◆ EXERCISE GOAL ◆
Your output should be the records below, word for word and picture-free.

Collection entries
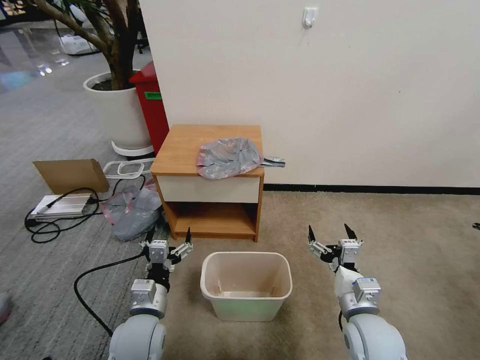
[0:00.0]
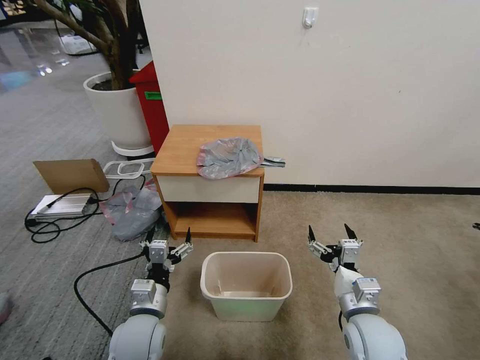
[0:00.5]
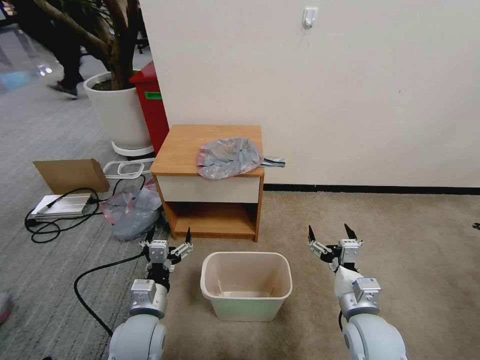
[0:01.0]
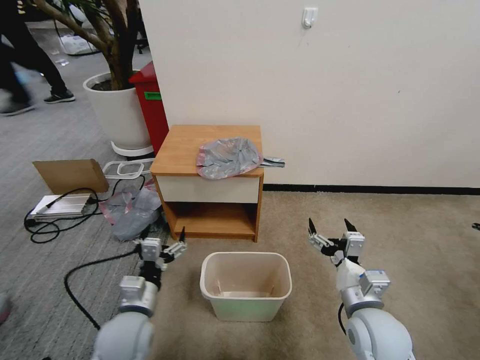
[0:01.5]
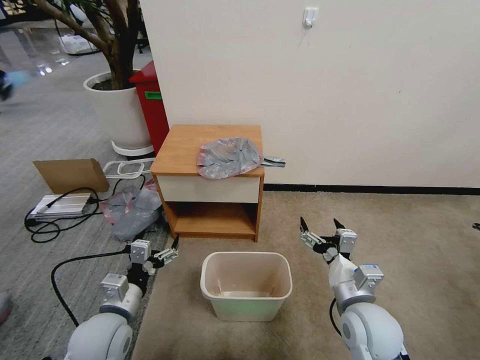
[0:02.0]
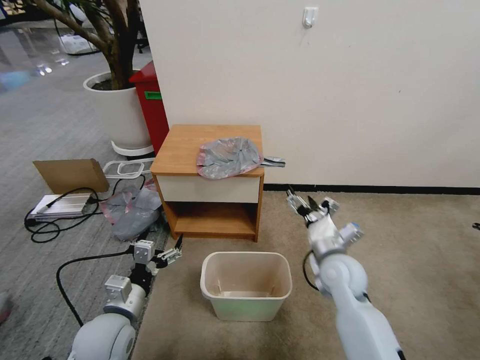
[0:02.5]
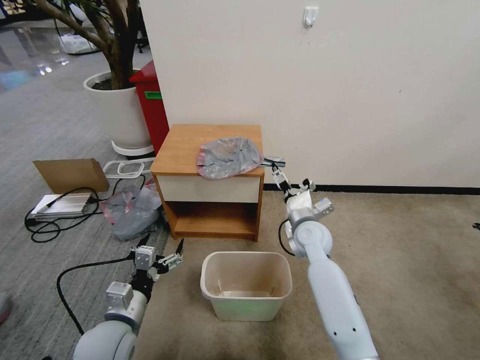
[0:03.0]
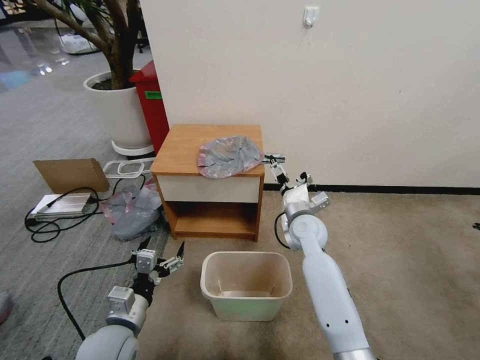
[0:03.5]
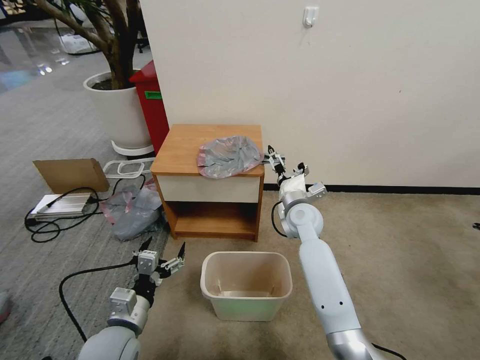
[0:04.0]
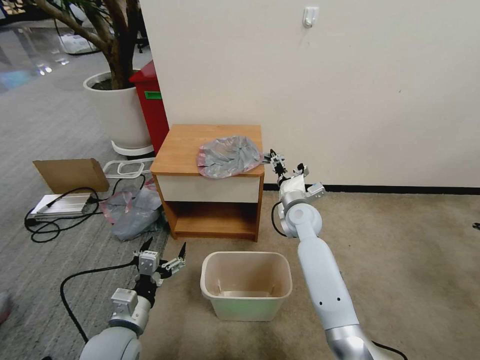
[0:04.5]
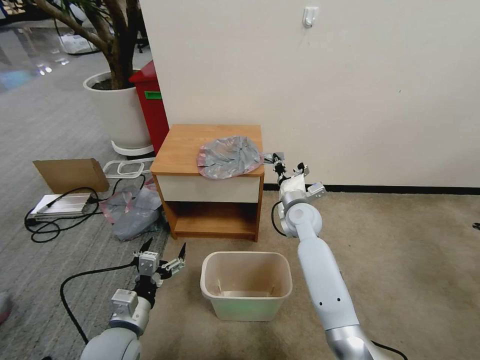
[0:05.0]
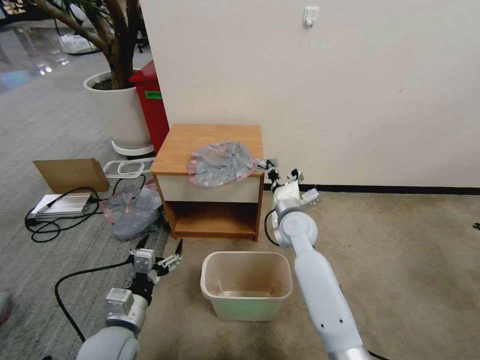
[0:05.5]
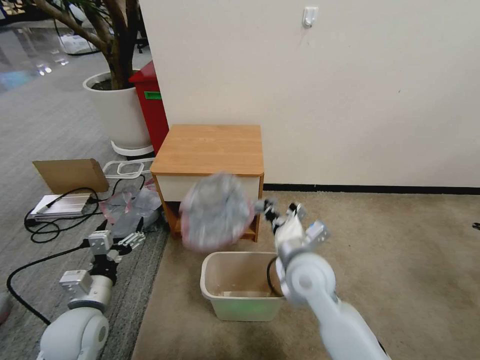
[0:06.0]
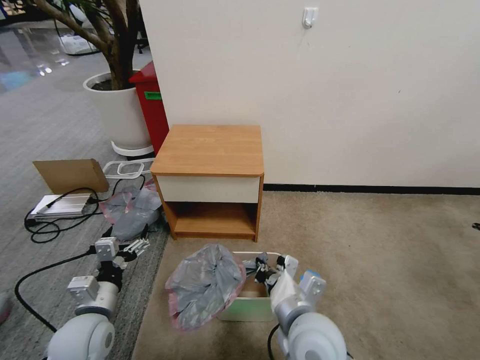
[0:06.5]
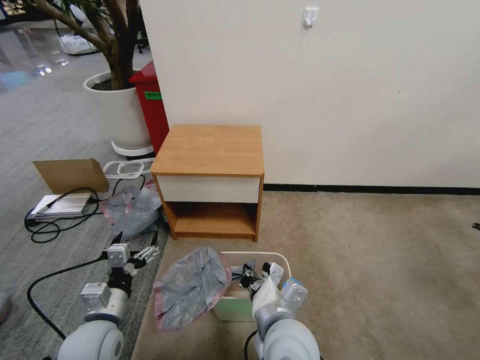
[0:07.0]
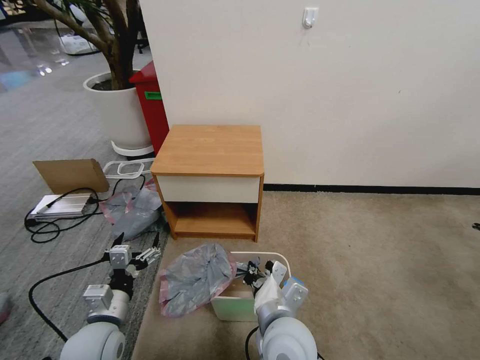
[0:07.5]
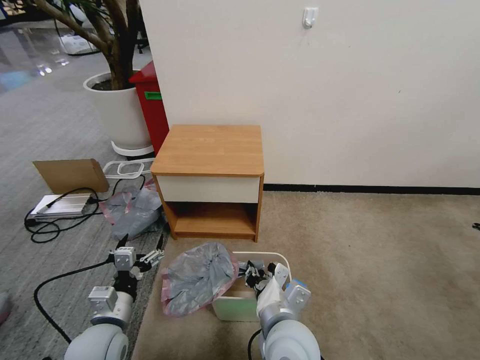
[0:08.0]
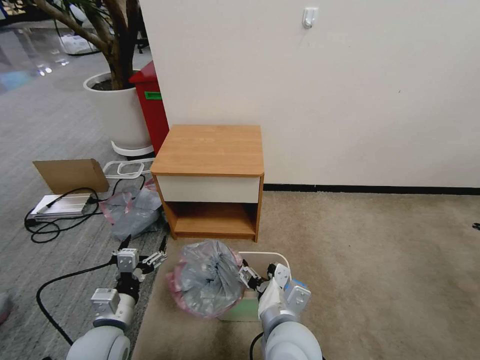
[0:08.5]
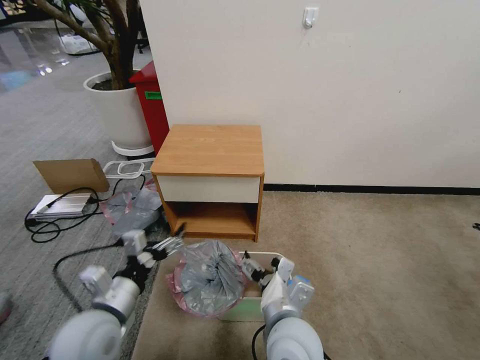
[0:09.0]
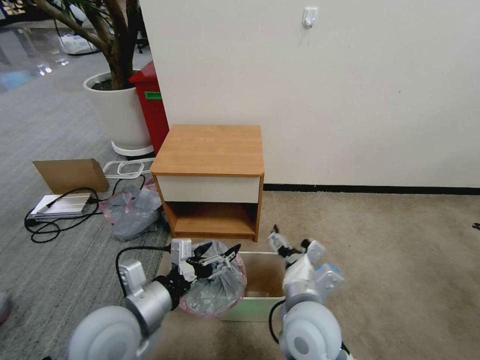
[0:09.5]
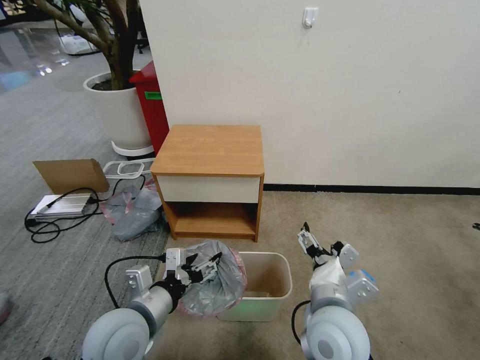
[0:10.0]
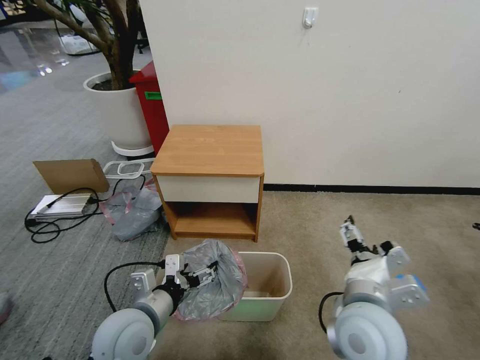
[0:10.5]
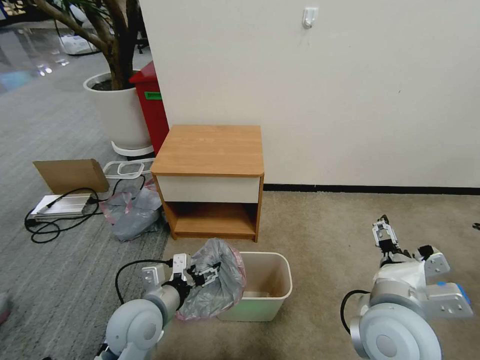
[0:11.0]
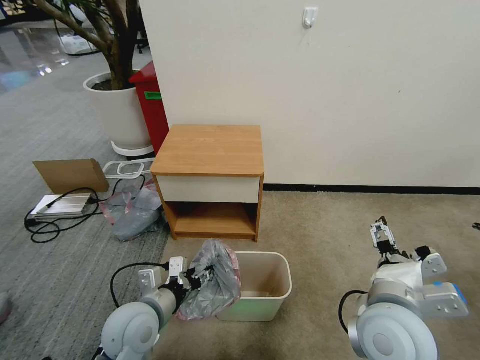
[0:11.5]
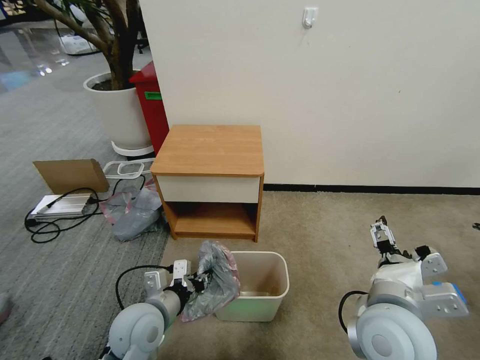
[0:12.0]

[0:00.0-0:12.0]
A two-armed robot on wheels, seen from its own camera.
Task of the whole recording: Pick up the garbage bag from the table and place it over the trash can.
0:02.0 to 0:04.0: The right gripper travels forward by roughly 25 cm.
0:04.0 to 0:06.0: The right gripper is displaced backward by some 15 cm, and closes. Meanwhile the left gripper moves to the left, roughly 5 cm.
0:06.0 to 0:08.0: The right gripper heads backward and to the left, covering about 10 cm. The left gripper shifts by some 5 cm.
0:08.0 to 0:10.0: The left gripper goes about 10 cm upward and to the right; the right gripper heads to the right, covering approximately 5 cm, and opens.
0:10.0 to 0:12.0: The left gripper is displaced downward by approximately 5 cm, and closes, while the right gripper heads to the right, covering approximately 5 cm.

◆ WRITTEN REPLY ◆
[0:00.0]
[0:00.5]
[0:01.0]
[0:01.5]
[0:02.0]
[0:02.5]
[0:03.0]
[0:03.5]
[0:04.0]
[0:04.5]
[0:05.0]
[0:05.5]
[0:06.0]
[0:06.5]
[0:07.0]
[0:07.5]
[0:08.0]
[0:08.5]
[0:09.0]
[0:09.5]
[0:10.0]
[0:10.5]
[0:11.0]
[0:11.5]
[0:12.0]

[0:00.0-0:12.0]
A two-armed robot on wheels, seen from its own camera.
Task of the whole recording: Pick up the garbage bag from the table and place it over the trash can.
0:02.0 to 0:04.0: The right gripper travels forward by roughly 25 cm.
0:04.0 to 0:06.0: The right gripper is displaced backward by some 15 cm, and closes. Meanwhile the left gripper moves to the left, roughly 5 cm.
0:06.0 to 0:08.0: The right gripper heads backward and to the left, covering about 10 cm. The left gripper shifts by some 5 cm.
0:08.0 to 0:10.0: The left gripper goes about 10 cm upward and to the right; the right gripper heads to the right, covering approximately 5 cm, and opens.
0:10.0 to 0:12.0: The left gripper is displaced downward by approximately 5 cm, and closes, while the right gripper heads to the right, covering approximately 5 cm.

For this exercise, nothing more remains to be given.